Art. 68. Exercer a profissão com interação ou dependência de farmácia, indústria farmacêutica, óptica ou qualquer organização destinada à fabricação, manipulação, promoção ou comercialização de produtos de prescrição médica, qualquer que seja sua natureza”.

Art. 69. Exercer simultaneamente a Medicina e a Farmácia ou obter vantagem pelo encaminhamento de procedimentos, pela comercialização de medicamentos, órteses, próteses ou implantes de qualquer natureza, cuja compra decorra da influência direta em virtude de sua atividade profissional.

            Olhem o que diz o art.104, também:

Art. 104. Deixar de manter independência profissional e científica em relação a financiadores de pesquisa médica, satisfazendo interesse comercial ou obtendo vantagens pessoais.
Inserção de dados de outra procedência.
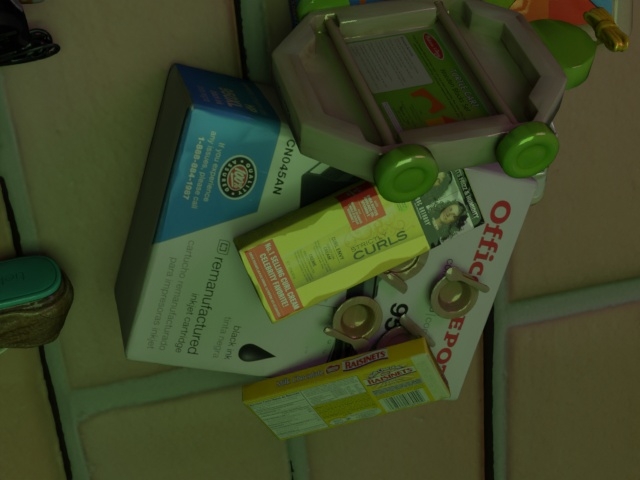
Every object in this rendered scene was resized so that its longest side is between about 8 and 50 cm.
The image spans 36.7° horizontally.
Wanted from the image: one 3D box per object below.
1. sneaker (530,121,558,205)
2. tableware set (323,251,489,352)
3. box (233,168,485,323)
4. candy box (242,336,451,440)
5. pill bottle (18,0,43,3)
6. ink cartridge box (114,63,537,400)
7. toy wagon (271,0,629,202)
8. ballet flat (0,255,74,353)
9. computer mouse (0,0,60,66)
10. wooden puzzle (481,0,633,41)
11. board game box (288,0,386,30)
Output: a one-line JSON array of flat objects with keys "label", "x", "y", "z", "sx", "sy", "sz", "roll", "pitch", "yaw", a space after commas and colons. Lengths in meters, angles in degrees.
[{"label": "sneaker", "x": 0.249, "y": -0.108, "z": 1.149, "sx": 0.057, "sy": 0.075, "sz": 0.161, "roll": -13, "pitch": 115, "yaw": -10}, {"label": "tableware set", "x": 0.088, "y": 0.069, "z": 1.023, "sx": 0.141, "sy": 0.020, "sz": 0.169, "roll": 30, "pitch": 101, "yaw": -26}, {"label": "box", "x": 0.037, "y": -0.009, "z": 0.945, "sx": 0.232, "sy": 0.058, "sz": 0.087, "roll": -24, "pitch": 103, "yaw": -5}, {"label": "candy box", "x": 0.029, "y": 0.163, "z": 1.043, "sx": 0.205, "sy": 0.027, "sz": 0.105, "roll": -16, "pitch": 139, "yaw": 12}, {"label": "pill bottle", "x": -0.364, "y": -0.274, "z": 0.880, "sx": 0.216, "sy": 0.121, "sz": 0.121, "roll": -6, "pitch": 114, "yaw": -13}, {"label": "ink cartridge box", "x": 0.000, "y": 0.000, "z": 1.073, "sx": 0.394, "sy": 0.166, "sz": 0.286, "roll": 10, "pitch": 110, "yaw": -20}, {"label": "toy wagon", "x": 0.132, "y": -0.160, "z": 0.940, "sx": 0.344, "sy": 0.267, "sz": 0.068, "roll": -11, "pitch": 140, "yaw": -13}, {"label": "ballet flat", "x": -0.438, "y": 0.093, "z": 1.035, "sx": 0.342, "sy": 0.116, "sz": 0.124, "roll": -7, "pitch": 133, "yaw": -17}, {"label": "computer mouse", "x": -0.349, "y": -0.185, "z": 0.864, "sx": 0.184, "sy": 0.262, "sz": 0.060, "roll": -16, "pitch": 96, "yaw": -3}, {"label": "wooden puzzle", "x": 0.252, "y": -0.318, "z": 1.079, "sx": 0.238, "sy": 0.044, "sz": 0.221, "roll": -11, "pitch": 114, "yaw": -11}, {"label": "board game box", "x": 0.043, "y": -0.278, "z": 1.035, "sx": 0.160, "sy": 0.047, "sz": 0.210, "roll": -14, "pitch": 115, "yaw": -10}]
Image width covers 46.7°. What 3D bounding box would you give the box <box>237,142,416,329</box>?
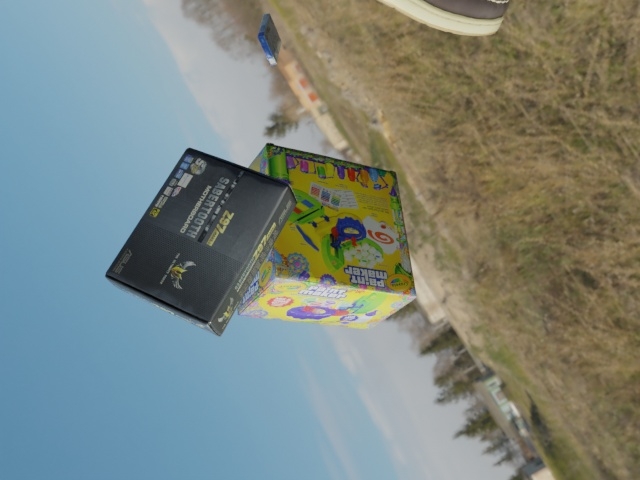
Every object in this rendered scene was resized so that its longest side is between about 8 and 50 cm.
[{"bbox_3d":[0.000,0.000,1.417,0.290,0.177,0.279,10,-122,-27],"label":"box"}]

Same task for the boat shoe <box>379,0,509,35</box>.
[{"bbox_3d":[0.051,-0.258,0.605,0.285,0.092,0.103,20,-142,-22],"label":"boat shoe"}]

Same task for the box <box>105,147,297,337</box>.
[{"bbox_3d":[-0.167,-0.003,1.055,0.183,0.232,0.059,23,162,21],"label":"box"}]

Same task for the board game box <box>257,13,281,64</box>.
[{"bbox_3d":[-0.126,-0.501,1.845,0.090,0.020,0.090,64,-152,-47],"label":"board game box"}]
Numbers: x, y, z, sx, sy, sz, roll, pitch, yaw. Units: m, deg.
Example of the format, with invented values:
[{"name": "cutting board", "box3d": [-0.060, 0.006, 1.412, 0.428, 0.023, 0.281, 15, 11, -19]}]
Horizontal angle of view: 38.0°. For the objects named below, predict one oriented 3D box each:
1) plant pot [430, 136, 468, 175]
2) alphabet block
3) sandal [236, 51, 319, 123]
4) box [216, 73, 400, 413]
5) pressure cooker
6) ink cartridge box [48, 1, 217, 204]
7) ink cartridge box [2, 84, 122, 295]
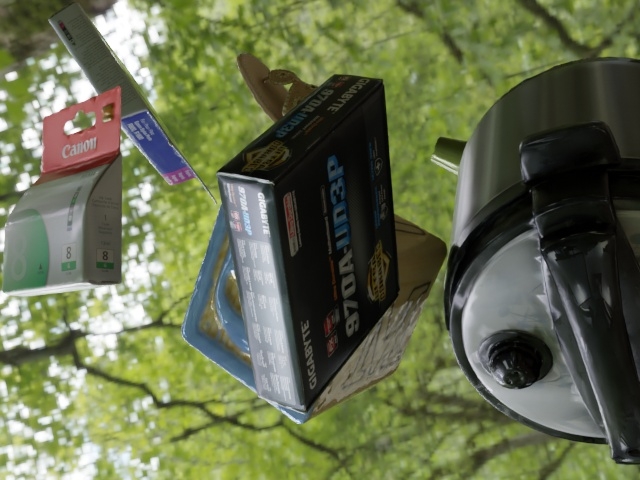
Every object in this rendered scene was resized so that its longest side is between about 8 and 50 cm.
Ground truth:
[{"name": "plant pot", "box3d": [0.257, -0.164, 1.781, 0.083, 0.079, 0.083, 22, -90, -79]}, {"name": "alphabet block", "box3d": [-0.006, 0.055, 1.036, 0.197, 0.192, 0.193, -13, -50, -55]}, {"name": "sandal", "box3d": [-0.008, -0.158, 1.188, 0.240, 0.079, 0.088, 59, -152, 0]}, {"name": "box", "box3d": [0.000, 0.000, 0.753, 0.175, 0.051, 0.220, -46, -40, -44]}, {"name": "pressure cooker", "box3d": [0.328, 0.031, 1.071, 0.375, 0.370, 0.420, -59, 7, 36]}, {"name": "ink cartridge box", "box3d": [-0.332, -0.224, 1.683, 0.330, 0.071, 0.324, 56, 177, 18]}, {"name": "ink cartridge box", "box3d": [-0.295, -0.053, 1.060, 0.056, 0.181, 0.224, 4, -99, -46]}]
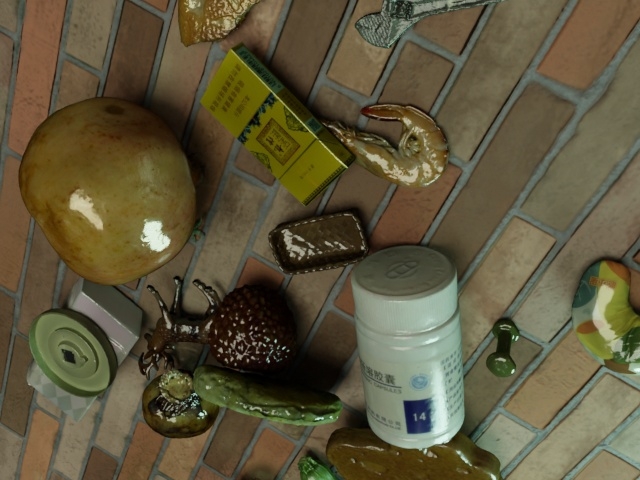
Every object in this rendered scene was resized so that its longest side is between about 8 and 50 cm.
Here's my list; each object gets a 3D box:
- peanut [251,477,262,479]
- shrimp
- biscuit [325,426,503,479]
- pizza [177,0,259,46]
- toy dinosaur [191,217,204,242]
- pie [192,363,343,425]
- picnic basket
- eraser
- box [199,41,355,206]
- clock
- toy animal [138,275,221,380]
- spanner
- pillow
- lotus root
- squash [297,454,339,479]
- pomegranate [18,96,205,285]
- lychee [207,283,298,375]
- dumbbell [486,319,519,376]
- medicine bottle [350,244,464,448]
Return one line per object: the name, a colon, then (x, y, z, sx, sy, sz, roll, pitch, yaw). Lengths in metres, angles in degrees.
peanut: (-0.191, 0.715, 1.522, 0.140, 0.153, 0.325, 18, 127, 6)
shrimp: (0.108, -0.175, 1.030, 0.236, 0.053, 0.132, 25, 116, 10)
biscuit: (0.196, 0.491, 1.280, 0.381, 0.074, 0.358, 28, 131, -2)
pizza: (-0.167, -0.414, 1.015, 0.161, 0.062, 0.181, 14, 114, 21)
toy dinosaur: (-0.271, -0.027, 1.263, 0.062, 0.021, 0.083, 29, 123, 20)
pie: (-0.107, 0.312, 1.239, 0.324, 0.323, 0.070, 10, 82, 16)
picnic basket: (0.000, 0.000, 1.154, 0.194, 0.055, 0.110, -11, 110, 25)
eraser: (-0.587, 0.265, 1.486, 0.213, 0.082, 0.396, 39, 122, -2)
box: (-0.080, -0.198, 1.070, 0.279, 0.041, 0.153, 45, 140, -4)
clock: (-0.586, 0.267, 1.420, 0.235, 0.029, 0.234, 8, 117, 17)
toy animal: (-0.319, 0.210, 1.360, 0.244, 0.087, 0.259, 7, 114, 19)
spanner: (0.206, -0.361, 0.918, 0.326, 0.026, 0.093, -5, 114, 21)
pillow: (0.543, 0.122, 1.004, 0.234, 0.086, 0.214, -10, 100, 27)
lotus root: (-0.314, 0.379, 1.374, 0.170, 0.141, 0.314, 4, 154, -6)
squash: (0.025, 0.594, 1.429, 0.219, 0.068, 0.077, 49, 137, -8)
pomegranate: (-0.360, -0.095, 1.109, 0.339, 0.338, 0.338, 8, 117, 17)
lychee: (-0.135, 0.180, 1.231, 0.188, 0.188, 0.188, 8, 117, 17)
dumbbell: (0.330, 0.193, 1.089, 0.046, 0.118, 0.052, -33, 102, 34)
medicine bottle: (0.163, 0.192, 1.109, 0.190, 0.190, 0.332, 1, 115, 20)
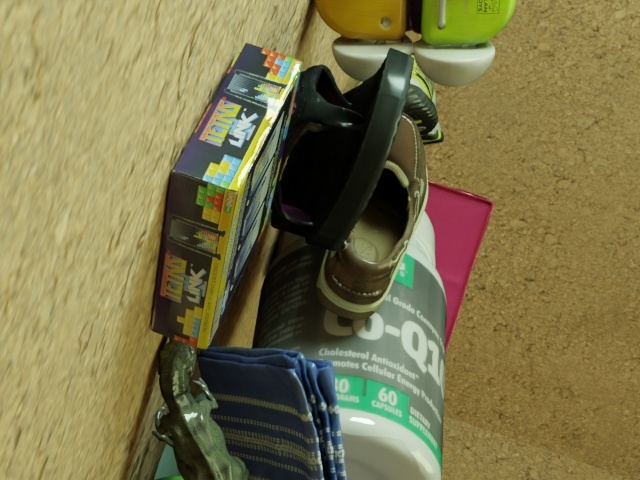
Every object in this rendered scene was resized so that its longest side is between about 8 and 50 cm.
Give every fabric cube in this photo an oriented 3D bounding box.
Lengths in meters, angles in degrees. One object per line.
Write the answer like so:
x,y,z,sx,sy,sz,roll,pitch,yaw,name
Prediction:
0.102,0.024,2.108,0.258,0.254,0.259,-26,134,-85,fabric cube

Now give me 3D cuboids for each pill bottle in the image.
0.029,0.118,1.461,0.361,0.204,0.204,-84,-174,-46,pill bottle

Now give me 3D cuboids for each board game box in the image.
-0.068,-0.030,0.991,0.170,0.048,0.141,105,7,-47,board game box

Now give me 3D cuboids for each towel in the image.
-0.042,0.258,1.223,0.243,0.040,0.336,-3,-87,62,towel

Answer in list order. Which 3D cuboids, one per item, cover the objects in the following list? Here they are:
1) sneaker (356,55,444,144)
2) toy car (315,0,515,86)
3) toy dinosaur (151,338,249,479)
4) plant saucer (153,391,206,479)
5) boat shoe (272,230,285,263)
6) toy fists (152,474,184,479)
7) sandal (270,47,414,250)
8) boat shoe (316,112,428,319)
0.099,-0.216,2.103,0.384,0.145,0.147,19,59,-84,sneaker
0.089,-0.235,1.303,0.136,0.182,0.159,-74,165,-63,toy car
-0.084,0.189,1.134,0.268,0.064,0.118,66,-10,-6,toy dinosaur
-0.115,0.245,1.374,0.195,0.037,0.195,12,90,-74,plant saucer
0.000,0.000,1.760,0.285,0.089,0.105,-52,161,-77,boat shoe
-0.153,0.339,1.182,0.142,0.096,0.279,-102,-153,-66,toy fists
-0.015,-0.076,1.284,0.446,0.107,0.168,155,-47,-78,sandal
0.064,-0.045,1.377,0.095,0.095,0.257,112,-8,-50,boat shoe

            E o que diz o art.109:

Art. 109. Deixar de zelar, quando docente ou autor de publicações científicas, pela veracidade, clareza e imparcialidade das informações apresentadas, bem como deixar de declarar relações com a indústria de medicamentos, órteses, próteses, equipamentos, implantes de qualquer natureza e outras que possam configurar conflitos de interesses, ainda que em potencial.

            Sr. Presidente, temos ainda as resoluções do Conselho Federal de Medicina. A Resolução nº 1.939/2010; a 1.701/2003; a 1.595/2000, tratando do mesmo tema, e a da Anvisa, de nº 96.
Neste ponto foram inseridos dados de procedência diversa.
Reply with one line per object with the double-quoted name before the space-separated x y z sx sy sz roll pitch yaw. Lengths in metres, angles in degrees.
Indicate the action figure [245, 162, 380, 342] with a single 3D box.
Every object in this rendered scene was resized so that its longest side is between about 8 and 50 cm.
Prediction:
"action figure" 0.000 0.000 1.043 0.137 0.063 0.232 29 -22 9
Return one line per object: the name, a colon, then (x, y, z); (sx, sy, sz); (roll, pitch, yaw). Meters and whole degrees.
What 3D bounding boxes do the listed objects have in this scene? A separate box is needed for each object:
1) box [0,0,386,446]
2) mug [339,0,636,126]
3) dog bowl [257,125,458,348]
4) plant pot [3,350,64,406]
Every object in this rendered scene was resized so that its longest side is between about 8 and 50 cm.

            Então, existe uma situação de normatização estabelecida contra esse tipo de envolvimento, de captura da independência médica, da vinculação de condutas profissionais a atividades científicas e uma substituição para o atendimento do interesse comercial das empresas.

            Quem paga essa conta? O doente, que não vê o critério de racionalidade e obediência científica para o tratamento da sua doença. Mas existe por trás o interesse do lucro e da venda de um produto a ser consumido, um médico que, na sua fragilidade, às vezes, é submetido a uma conduta que não tem na matriz dela a base científica para a tomada de decisão do encaminhamento médico.
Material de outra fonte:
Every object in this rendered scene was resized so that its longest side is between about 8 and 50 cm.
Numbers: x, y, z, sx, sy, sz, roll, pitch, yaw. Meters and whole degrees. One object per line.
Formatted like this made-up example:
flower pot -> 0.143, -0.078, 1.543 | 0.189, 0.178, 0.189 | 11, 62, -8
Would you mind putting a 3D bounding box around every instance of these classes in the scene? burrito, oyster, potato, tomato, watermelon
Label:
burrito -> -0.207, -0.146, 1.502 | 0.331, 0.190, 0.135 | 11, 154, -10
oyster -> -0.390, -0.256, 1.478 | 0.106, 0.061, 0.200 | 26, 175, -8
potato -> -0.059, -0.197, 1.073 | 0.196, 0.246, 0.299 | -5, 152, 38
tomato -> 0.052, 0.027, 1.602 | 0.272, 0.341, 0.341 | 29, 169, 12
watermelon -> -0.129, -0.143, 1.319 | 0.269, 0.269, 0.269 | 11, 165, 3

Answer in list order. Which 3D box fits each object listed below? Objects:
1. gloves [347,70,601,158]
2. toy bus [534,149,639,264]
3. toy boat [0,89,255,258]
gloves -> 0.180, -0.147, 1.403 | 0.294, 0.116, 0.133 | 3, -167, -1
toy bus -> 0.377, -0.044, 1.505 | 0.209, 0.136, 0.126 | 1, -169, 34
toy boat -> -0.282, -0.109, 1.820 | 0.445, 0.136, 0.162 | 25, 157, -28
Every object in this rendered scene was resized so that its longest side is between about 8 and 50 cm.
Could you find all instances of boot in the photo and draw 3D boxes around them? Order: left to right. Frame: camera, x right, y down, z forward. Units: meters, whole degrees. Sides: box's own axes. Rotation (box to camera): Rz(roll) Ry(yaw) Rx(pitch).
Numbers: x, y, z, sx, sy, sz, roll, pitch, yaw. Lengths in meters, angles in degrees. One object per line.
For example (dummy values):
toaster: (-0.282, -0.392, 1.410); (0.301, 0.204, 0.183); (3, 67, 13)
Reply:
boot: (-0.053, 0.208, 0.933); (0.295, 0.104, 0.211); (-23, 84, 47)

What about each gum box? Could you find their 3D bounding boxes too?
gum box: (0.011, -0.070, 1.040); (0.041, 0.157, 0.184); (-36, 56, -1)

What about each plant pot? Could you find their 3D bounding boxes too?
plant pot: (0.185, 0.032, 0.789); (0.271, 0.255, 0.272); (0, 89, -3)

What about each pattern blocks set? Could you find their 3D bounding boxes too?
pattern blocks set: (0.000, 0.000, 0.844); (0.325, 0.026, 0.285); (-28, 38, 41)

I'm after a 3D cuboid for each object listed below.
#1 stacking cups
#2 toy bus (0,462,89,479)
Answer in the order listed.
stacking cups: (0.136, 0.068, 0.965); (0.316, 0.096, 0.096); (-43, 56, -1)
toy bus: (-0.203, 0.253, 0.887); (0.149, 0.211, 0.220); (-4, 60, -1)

            Portanto, há uma violação dos valores fundamentais da prática médica, que prejudica também o Sistema Único de Saúde, que paga os serviços e espera uma conduta científica para os serviços, e as empresas e seguradoras, que estão subordinadas a condutas de consumo de produtos de mercado e não vinculadas ao melhor a ser feito pela vida humana. Isso tem uma causa que vem anterior a tudo, que é exatamente a formação médica.

            Eu, na condição de professor universitário afastado em função do exercício do mandato, entendo que os cursos de Medicina do Brasil devem fazer uma profunda revisão do valor da formação ética, do valor da formação filosófica, científica, como bases fundamentais para que esse profissional possa enfrentar uma sociedade de mercado, um mundo globalizado, onde o que importa parece ser o consumo, e que possam trocar a influência negativa desses valores contrários à qualidade científica, à vida profissional, ao bem-estar, pela busca do melhor pelos doentes e a favor da prevenção da doença, dizendo “não” à influência que possam ter os representantes de laboratórios na vida, na independência e na dignidade da formação médica e científica brasileira.

            Esse é um fenômeno mundial. Temos um grande contingente de profissionais médicos que dizem “não” a esse tipo de prática, mas essa luta tem de ser planejada, precisa ter uma forte articulação intersetorial. O Ministério da Saúde tem de aproximar de uma ampla campanha nacional de combate ao consumo pelo consumo dos produtos que dizem respeito à saúde humana.

            O Ministério da Saúde e o Ministério da Educação têm de criar uma interface definitiva para consolidar a formação filosófica e ética dos profissionais médicos, e a sociedade, através do seu Sistema Único de Saúde, das seguradoras, das empresas de plano de saúde, têm que dizer “não” a essa presença forte e dominante das empresas que querem vender o produto a qualquer preço.

            Penso que, assim, Sr. Presidente, se agirmos rompendo as práticas de consumo e de mercado que envolvem e tornam refém o médico hoje, nós faríamos mais pela vida humana, nós faríamos mais pela dignidade e pelo bem-estar dos profissionais de saúde brasileiros.

            Esse é um caminho que o Conselho Regional de Medicina de São Paulo adotou. Tenho certeza de que o Conselho Regional de Medicina do meu Estado também adota esse caminho, como também outros Conselhos do Brasil. Agora, a resposta é de médio e de longo prazo, que envolve sobretudo a influência afirmativa, ética e filosófica que deve ter a formação de cada estudante de Medicina do Brasil.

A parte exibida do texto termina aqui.